Nov. 10, 2010 /EIN Presswire/ – Thirty-six law-breaking vessels received 13.5 million euros in EU subsidies over a 12-year period from 1994 to 2006, an investigative report disclosed today. The report focuses on Spain and France and matches records of convictions with subsidy payments.

Earlier this week an international team of investigative journalists blew the whistle on illegal bluefin tuna fishing which created a massive black market for the product and decimated stocks of the species.

Jack Thurston, co-founder of the website fishsubsidy.org, said that the results of the link between subsidies and convictions do not include the full extent of the problem, since European governments are not required to publish comprehensive lists of convictions for illegal fishing. This is the first study that draws the link between subsidies and illegal fishing from information currently on the public record.

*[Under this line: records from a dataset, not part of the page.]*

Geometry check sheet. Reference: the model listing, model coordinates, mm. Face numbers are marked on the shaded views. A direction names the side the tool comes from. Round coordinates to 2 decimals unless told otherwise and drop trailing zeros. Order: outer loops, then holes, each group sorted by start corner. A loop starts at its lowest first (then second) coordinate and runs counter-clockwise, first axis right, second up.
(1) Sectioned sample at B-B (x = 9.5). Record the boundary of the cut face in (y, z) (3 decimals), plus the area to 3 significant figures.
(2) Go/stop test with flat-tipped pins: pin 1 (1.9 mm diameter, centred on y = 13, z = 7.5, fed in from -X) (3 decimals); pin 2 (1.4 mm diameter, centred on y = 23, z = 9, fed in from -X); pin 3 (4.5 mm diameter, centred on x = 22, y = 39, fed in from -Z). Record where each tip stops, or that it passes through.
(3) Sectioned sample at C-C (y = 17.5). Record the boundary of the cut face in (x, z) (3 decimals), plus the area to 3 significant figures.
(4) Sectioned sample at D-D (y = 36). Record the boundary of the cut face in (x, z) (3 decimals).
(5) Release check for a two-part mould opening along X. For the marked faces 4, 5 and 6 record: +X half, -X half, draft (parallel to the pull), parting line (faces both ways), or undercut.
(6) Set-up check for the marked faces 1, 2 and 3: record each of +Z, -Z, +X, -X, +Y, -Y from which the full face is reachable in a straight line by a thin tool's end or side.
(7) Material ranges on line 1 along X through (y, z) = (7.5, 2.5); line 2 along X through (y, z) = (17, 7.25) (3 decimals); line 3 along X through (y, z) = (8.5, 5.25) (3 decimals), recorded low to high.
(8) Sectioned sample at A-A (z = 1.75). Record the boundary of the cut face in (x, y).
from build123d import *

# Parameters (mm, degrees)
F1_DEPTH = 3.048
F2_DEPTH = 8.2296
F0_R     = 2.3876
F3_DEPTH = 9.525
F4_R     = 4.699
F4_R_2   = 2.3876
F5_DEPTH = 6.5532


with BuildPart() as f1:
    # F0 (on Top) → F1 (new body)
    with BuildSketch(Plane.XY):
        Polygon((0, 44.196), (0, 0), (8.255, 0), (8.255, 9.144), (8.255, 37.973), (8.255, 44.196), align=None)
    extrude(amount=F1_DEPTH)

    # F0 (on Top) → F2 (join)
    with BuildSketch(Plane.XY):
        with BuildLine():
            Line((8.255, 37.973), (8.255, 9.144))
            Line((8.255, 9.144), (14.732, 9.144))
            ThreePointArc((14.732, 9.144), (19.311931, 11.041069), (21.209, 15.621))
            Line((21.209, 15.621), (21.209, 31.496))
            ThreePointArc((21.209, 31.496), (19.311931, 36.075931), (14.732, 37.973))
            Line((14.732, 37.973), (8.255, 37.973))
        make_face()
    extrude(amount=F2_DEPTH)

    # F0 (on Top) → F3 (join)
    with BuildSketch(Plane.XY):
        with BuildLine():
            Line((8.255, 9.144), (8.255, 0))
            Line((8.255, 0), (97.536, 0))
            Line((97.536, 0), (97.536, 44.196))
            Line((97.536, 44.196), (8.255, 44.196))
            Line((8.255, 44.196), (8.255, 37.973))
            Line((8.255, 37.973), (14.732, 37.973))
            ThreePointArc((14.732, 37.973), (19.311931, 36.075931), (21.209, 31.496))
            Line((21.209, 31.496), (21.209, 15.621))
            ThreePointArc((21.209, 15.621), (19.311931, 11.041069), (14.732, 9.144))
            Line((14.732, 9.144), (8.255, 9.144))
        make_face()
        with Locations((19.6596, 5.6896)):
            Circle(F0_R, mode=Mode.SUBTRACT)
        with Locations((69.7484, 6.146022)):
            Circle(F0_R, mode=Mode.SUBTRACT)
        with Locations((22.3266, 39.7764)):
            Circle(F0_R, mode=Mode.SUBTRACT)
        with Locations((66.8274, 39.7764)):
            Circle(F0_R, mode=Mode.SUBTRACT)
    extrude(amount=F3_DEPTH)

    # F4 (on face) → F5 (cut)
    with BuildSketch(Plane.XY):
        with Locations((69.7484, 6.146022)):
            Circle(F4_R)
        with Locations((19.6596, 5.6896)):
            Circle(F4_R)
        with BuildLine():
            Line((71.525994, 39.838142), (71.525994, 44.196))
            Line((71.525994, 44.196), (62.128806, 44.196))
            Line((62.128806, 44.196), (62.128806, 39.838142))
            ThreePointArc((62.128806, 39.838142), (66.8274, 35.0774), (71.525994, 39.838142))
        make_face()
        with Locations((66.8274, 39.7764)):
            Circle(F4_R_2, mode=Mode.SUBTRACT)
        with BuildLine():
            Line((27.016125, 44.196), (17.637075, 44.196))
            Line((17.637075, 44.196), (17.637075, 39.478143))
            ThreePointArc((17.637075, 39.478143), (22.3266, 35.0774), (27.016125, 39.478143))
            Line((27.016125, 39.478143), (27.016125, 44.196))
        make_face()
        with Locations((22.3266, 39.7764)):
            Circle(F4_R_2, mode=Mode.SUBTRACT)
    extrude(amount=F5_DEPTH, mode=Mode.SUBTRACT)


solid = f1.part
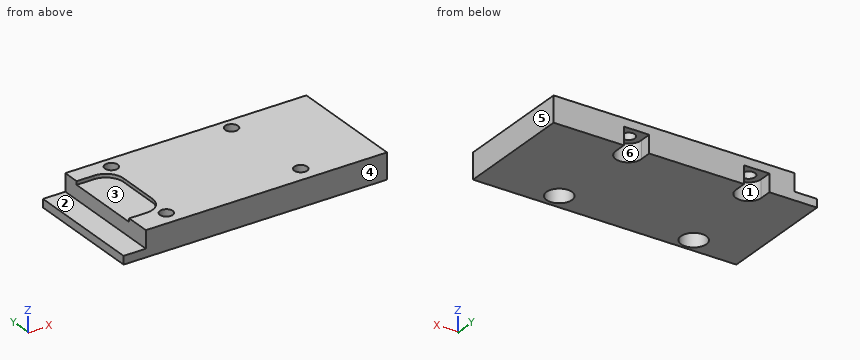
Answer below:
1. outline: (0, 0) - (44.196, 0) - (44.196, 9.525) - (37.973, 9.525) - (37.973, 8.23) - (9.144, 8.23) - (9.144, 9.525) - (0, 9.525) - close
1. area: 384 mm2
2. pin 1: stops at x = 8.255
2. pin 2: stops at x = 21.21
2. pin 3: stops at z = 6.55
3. outline: (0, 0) - (97.536, 0) - (97.536, 9.525) - (21.209, 9.525) - (21.209, 8.23) - (8.255, 8.23) - (8.255, 3.048) - (0, 3.048) - close
3. area: 859 mm2
4. outline: (0, 0) - (19.53, 0) - (19.53, 6.553) - (25.123, 6.553) - (25.123, 0) - (64.031, 0) - (64.031, 6.553) - (69.624, 6.553) - (69.624, 0) - (97.536, 0) - (97.536, 9.525) - (19.387, 9.525) - (19.387, 8.23) - (8.255, 8.23) - (8.255, 3.048) - (0, 3.048) - close
5. face 4: draft
5. face 5: +X half
5. face 6: undercut
6. face 1: -Z, +Y
6. face 2: +Z, -X, +Y, -Y
6. face 3: +Z, -X
7. line 1: x = 0 to 15.32, 24 to 65.25, 74.25 to 97.54
7. line 2: x = 8.255 to 97.536
7. line 3: x = 8.255 to 15.894, 23.426 to 65.682, 73.815 to 97.536
8. outline: (0, 0) - (97.54, 0) - (97.54, 44.2) - (71.53, 44.2) - (71.53, 39.84) arc R4.7 cw (long way) to (62.13, 39.84) - (62.13, 44.2) - (27.02, 44.2) - (27.02, 39.48) arc R4.7 cw to (17.64, 39.48) - (17.64, 44.2) - (0, 44.2) - close; hole circle Ø9.4 at (19.66, 5.69); hole circle Ø9.4 at (69.75, 6.15)

“EU Member States should ensure those in receipt of subsidies are not engaged in illegal fishing. Subsidies have in the past fueled overfishing; in the future they must be used to support a transition to more sustainable fishing.” said Markus Knigge of the Pew Environment Group, which commissioned the research into convictions and co-founded the fishsubsidy.org website that tracks EU fisheries subsidies payments.

Five of the vessels on the list received more than 1 million euro each in EU subsidies. They have been convicted of serious infringements ranging from logbook misreporting to captures under minimum size to use of illegal fishing gear and exceeding quota. Some of the vessels on the list have been convicted multiple times and have been heavily fined.

Monday, in Washington, DC, journalists from the D.C.-based International Consortium of Investigative Journalists reported that criminal misconduct on the part of fishermen, traders and fisheries managers has led to the overfishing of eastern Atlantic bluefin tuna over the past decade.